Sarah Werner of St. Joseph, Wis, prepares to shoot Friday at the National Archery in the Schools Program shoot at the Pope and Young biennial convention in Rochester.

With whops and oops, a long line of blue-shirted archers shot their three arrows at 3-D bear, deer and antelope targets Friday.

Some arrows hit home. Hence the whoops.

Most missed. Hence the oops.

Students from schools in St. Joseph, Wis. and Mound eagerly ran to retrieve their arrows at the Pope and Young Club convention shoot, no matter if they were dead center or lying on the floor behind the targets. Then they waited their chance to shoot again.

This wasn't a competition.
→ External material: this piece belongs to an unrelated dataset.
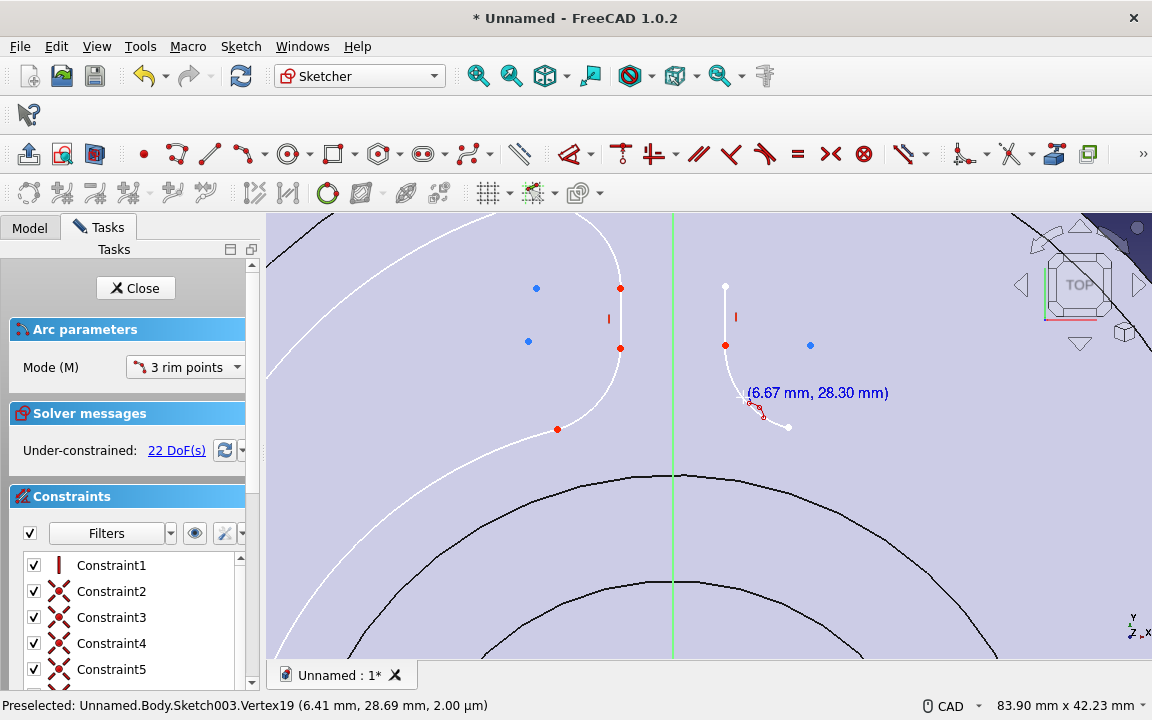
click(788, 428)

It was more of an exhibition, a fun shoot that gave about 200 young archers a chance to shoot at 3-D targets. It also was a chance for the Pope and Young Club and  and the National Archery in Schools Program to get to know each other. The program teaches about 9 million students, grades four through 12, basic archery skills.


One of the shooters for the Stratford Sharpshooters from St. Joseph was Derek Slominski, 12, who has been shooting for two years. "I thought it was kind of interesting," he said. "At first, it was a little tough, but it gets easier the more you do it," he said.
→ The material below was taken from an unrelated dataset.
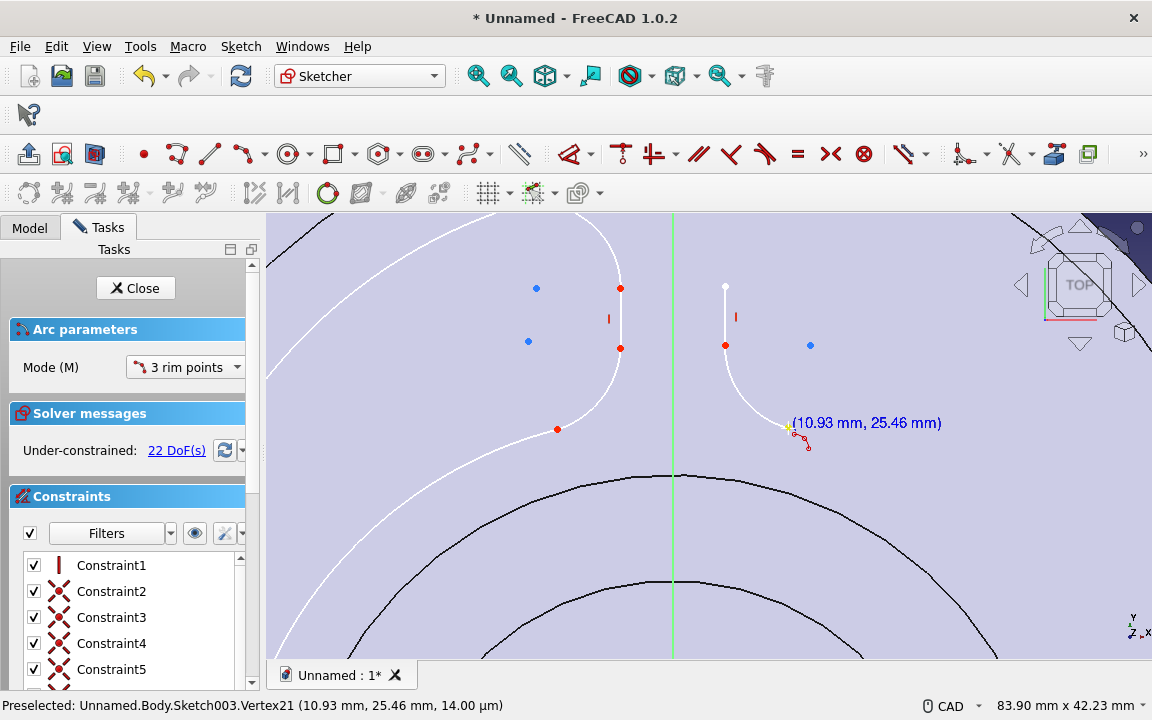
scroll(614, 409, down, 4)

He shot well in Rochester, which is about a three-hour drive from St. Joseph Elementary School.  Eventually, he might like to hunt with a bow and arrow, or just keep shooting for fun, he said.
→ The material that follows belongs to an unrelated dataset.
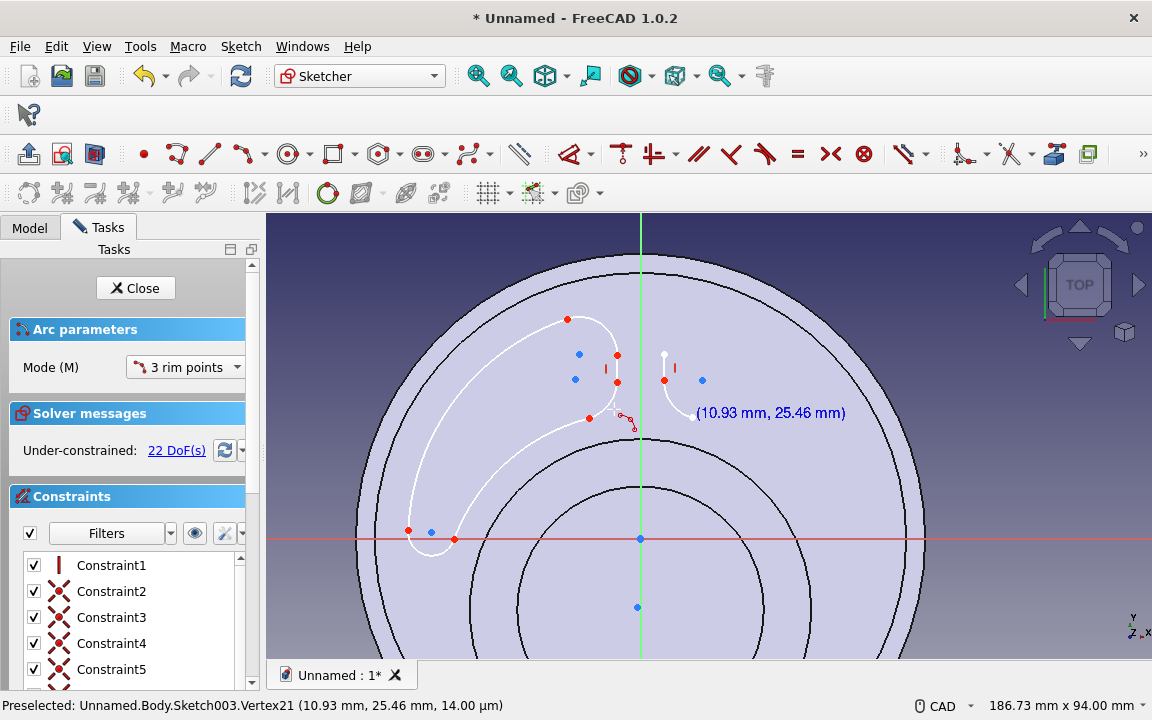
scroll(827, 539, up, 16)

His advice to other students: "You should try it, it's fun. You can do it pretty much anywhere."

Watching was Kraig Kiger, who heads the Minnesota Department of Natural Resources's shooting sports program that includes the National Archery in the Schools Program.  Minnesota has about 160,000 shooters in 371 out of the state's 2,700 schools, he said. The program is for those in grades four through 12.

"It just keeps growing every year, little by little," he said.

Archery is becoming more popular in schools because the students love shooting — and because of DNR grants that pays  half the cost of buying adjustable compound bows and  arrows. It's meant to be a lifetime sport and could have three good outcomes: students shoot for fun, shoot for competition or become hunters, he said.